Tendons attach muscles to bones. The elbow has an upper arm bone (humerus) and two bones in the forearm (ulna and radius). Bony bulges on the inside and outside of the elbow are the epicondyle part of the upper bone. Tendons of forearm muscles, responsible mainly for flexing and extending the wrist, attach to these bulges.
Inflammation of the outer tendons (for extending the wrist) has the medical name lateral epicondylitis. The common name “tennis elbow” is used because the problem often results from playing tennis or similar repetitive motion. Inflammation of inner tendons (for flexing the wrist) is medial epicondylitis, or “golfer’s elbow.”

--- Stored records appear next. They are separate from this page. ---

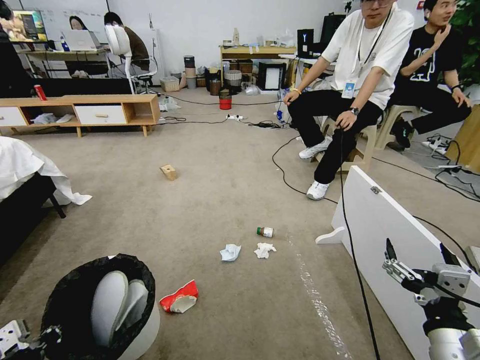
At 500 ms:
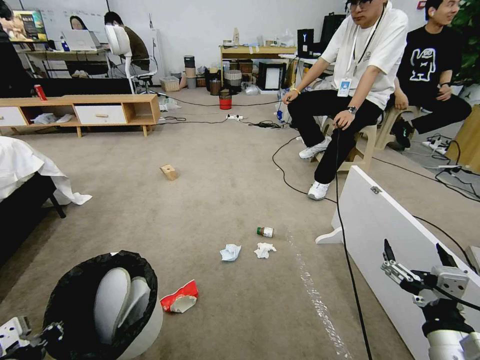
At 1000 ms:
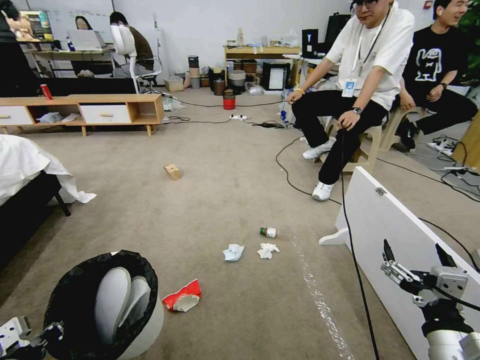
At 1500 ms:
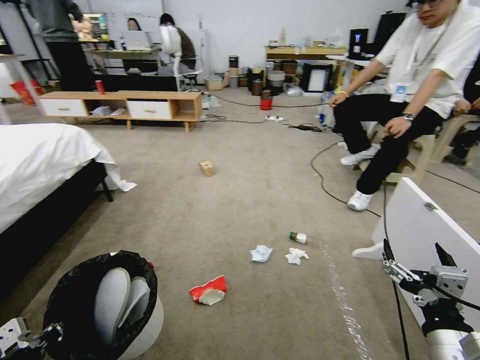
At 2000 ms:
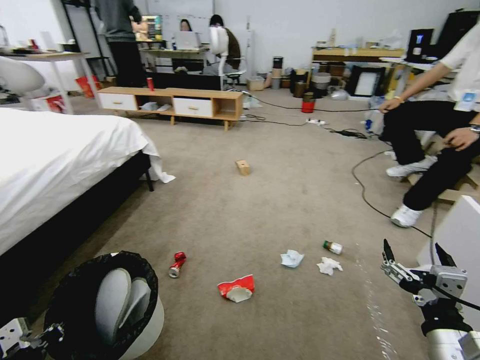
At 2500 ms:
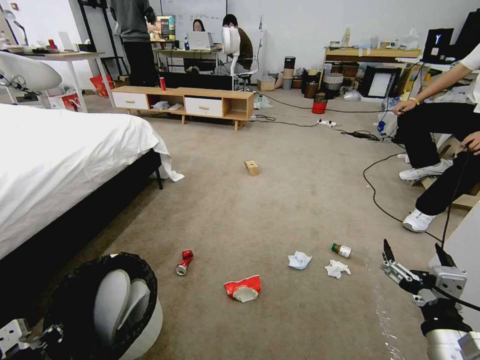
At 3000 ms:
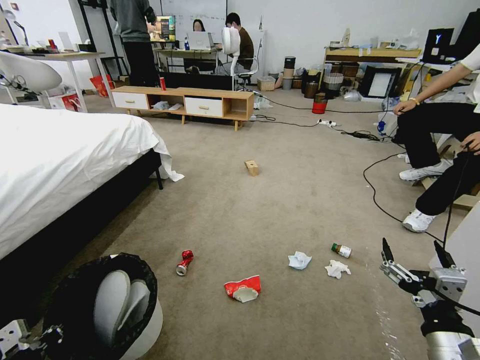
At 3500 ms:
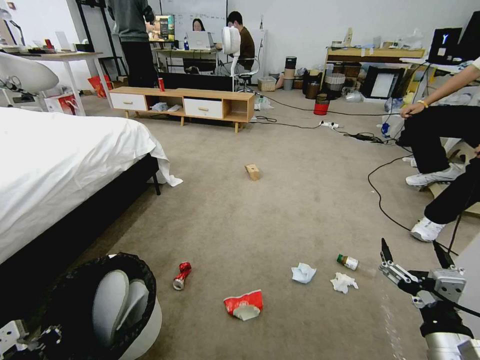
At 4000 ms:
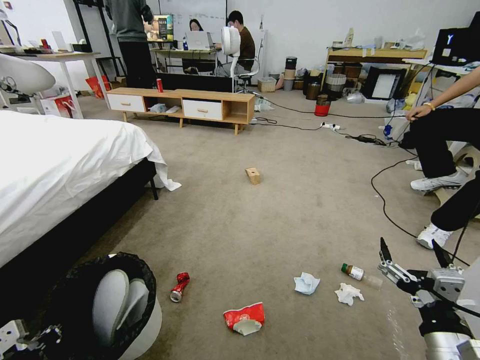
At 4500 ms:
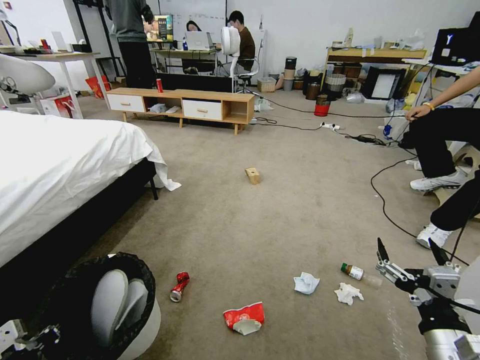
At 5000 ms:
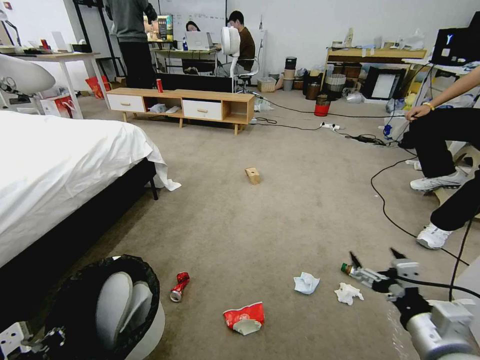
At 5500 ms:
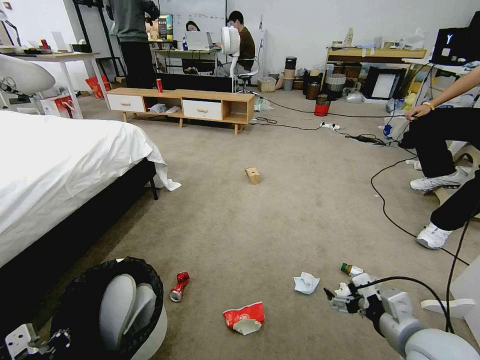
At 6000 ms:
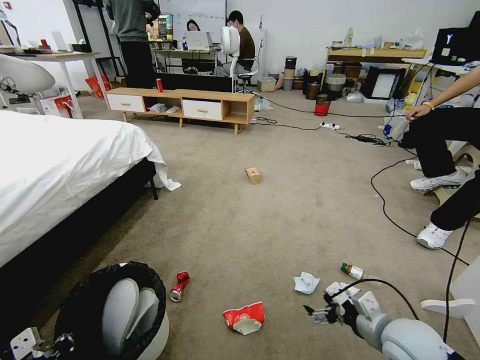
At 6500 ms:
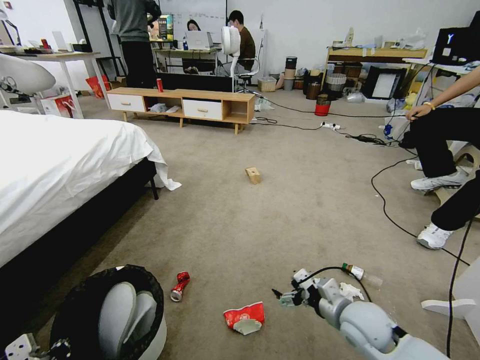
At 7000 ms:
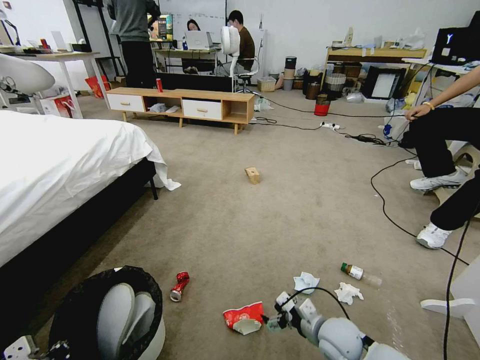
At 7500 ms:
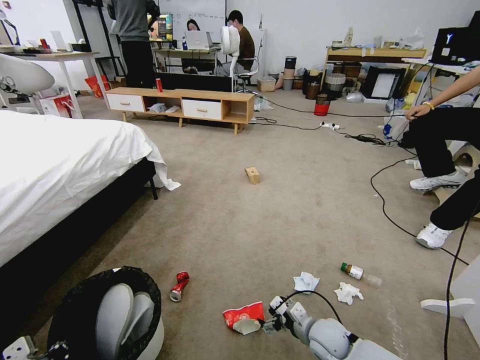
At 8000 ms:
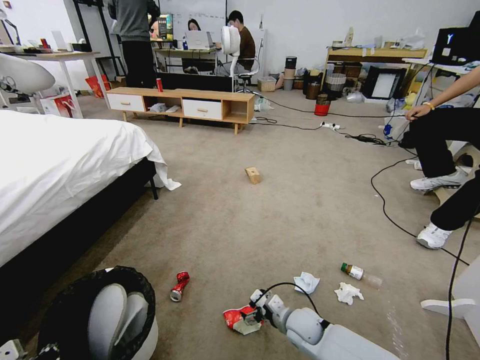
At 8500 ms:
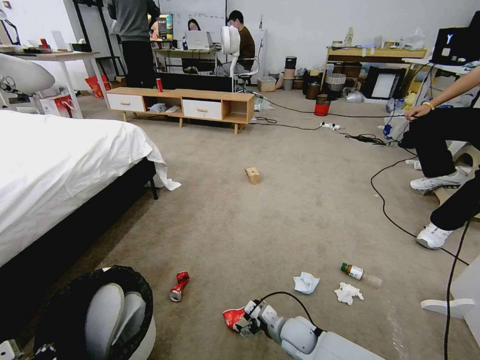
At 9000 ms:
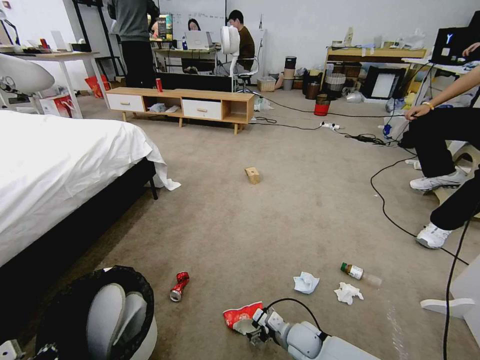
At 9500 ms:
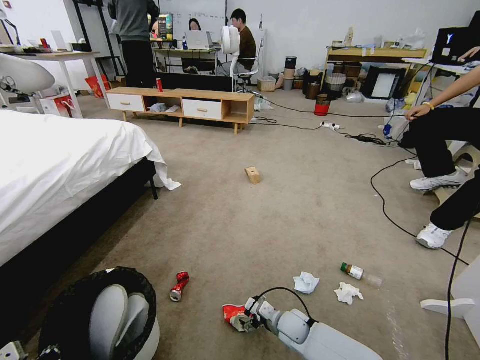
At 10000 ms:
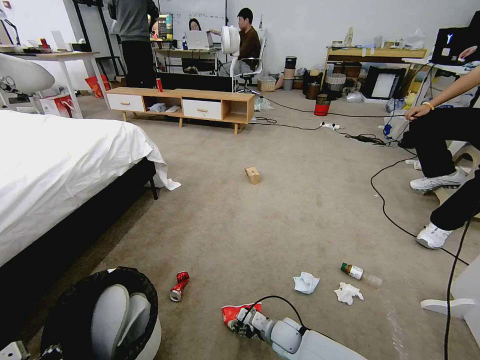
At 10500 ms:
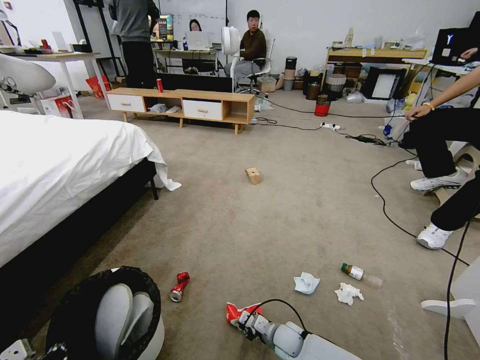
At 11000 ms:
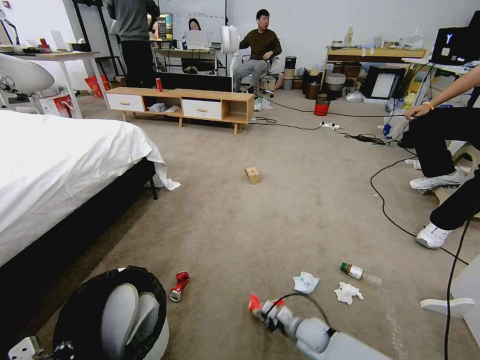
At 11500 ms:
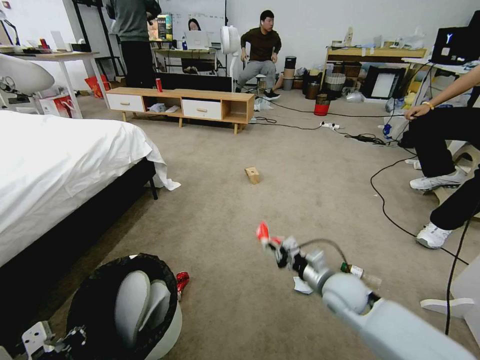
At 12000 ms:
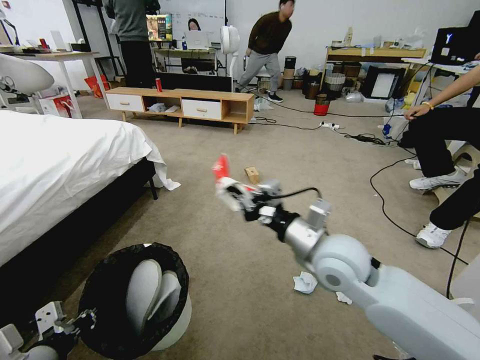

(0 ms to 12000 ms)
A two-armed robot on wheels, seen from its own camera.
Task of the whole recording: Pick up the trash bin and place the garbage on the floor into it.
4000 ms - 6000 ms: The right gripper heads forward, covering approximately 10 cm.
6000 ms - 8000 ms: The right gripper travels downward, to the left and forward by roughly 25 cm.
8000 ms - 10000 ms: The right gripper travels downward by some 5 cm, and closes its fingers.
10000 ms - 12000 ms: The left gripper moves roughly 5 cm, while the right gripper shifts roughly 40 cm upward, and closes its fingers.

The usual cause is overusing the arm, often related to work or sports. Carpenters, factory workers, musicians, and cashiers, who use their hands repeatedly, can have this problem. An injury, such as from lifting something that’s too heavy, can also cause it.
The forearm becomes tender and painful. Burning feelings going down the arm from the elbow also occur. Pain may first be felt only when using the arm, but later pain may be constant, even at rest. The hand grip may be weak, and it may be hard to lift or grasp objects, or to do simple tasks (writing, brushing teeth).

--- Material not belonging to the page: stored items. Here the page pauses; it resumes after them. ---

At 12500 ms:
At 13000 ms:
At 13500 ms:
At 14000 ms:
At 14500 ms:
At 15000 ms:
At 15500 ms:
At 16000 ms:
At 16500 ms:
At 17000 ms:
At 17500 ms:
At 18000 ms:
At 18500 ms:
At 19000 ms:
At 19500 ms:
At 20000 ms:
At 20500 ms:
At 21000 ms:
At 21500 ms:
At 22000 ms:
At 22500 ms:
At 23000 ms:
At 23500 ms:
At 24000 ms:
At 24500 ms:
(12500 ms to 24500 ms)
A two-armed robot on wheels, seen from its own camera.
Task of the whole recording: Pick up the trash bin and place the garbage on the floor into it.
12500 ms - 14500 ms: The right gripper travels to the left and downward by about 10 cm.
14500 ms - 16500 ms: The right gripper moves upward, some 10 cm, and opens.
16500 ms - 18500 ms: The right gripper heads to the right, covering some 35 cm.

The health care provider makes a diagnosis by the medical history and physical examination (shoulder, arm, and wrist). Resistance against extending the wrist or flexing it can bring on pain.
The health care provider may order other tests or x-rays to rule out other conditions with similar symptoms. These conditions include arthritis, cervical spine disease, neuropathy, and pinched nerve. The health care provider may also order magnetic resonance imaging (MRI) to get a better view of inflamed tendons and to rule out a ruptured tendon.
Treatment involves rest and restricting activities that may have started the problem. Using ice after exercise and rest and special stretching and strengthening exercises often help. People should also lift objects with their palms facing upward to decrease stress on the elbow.
Wrapping the elbow with an elastic sleeve keeps the arm warm and helps flexibility. A physical therapist may oversee treatment and prescribe ultrasound treatment.
The health care provider may prescribe antiinflammatory medicines (ibuprofen, naproxen).
If the pain continues, cortisone injections can be tried.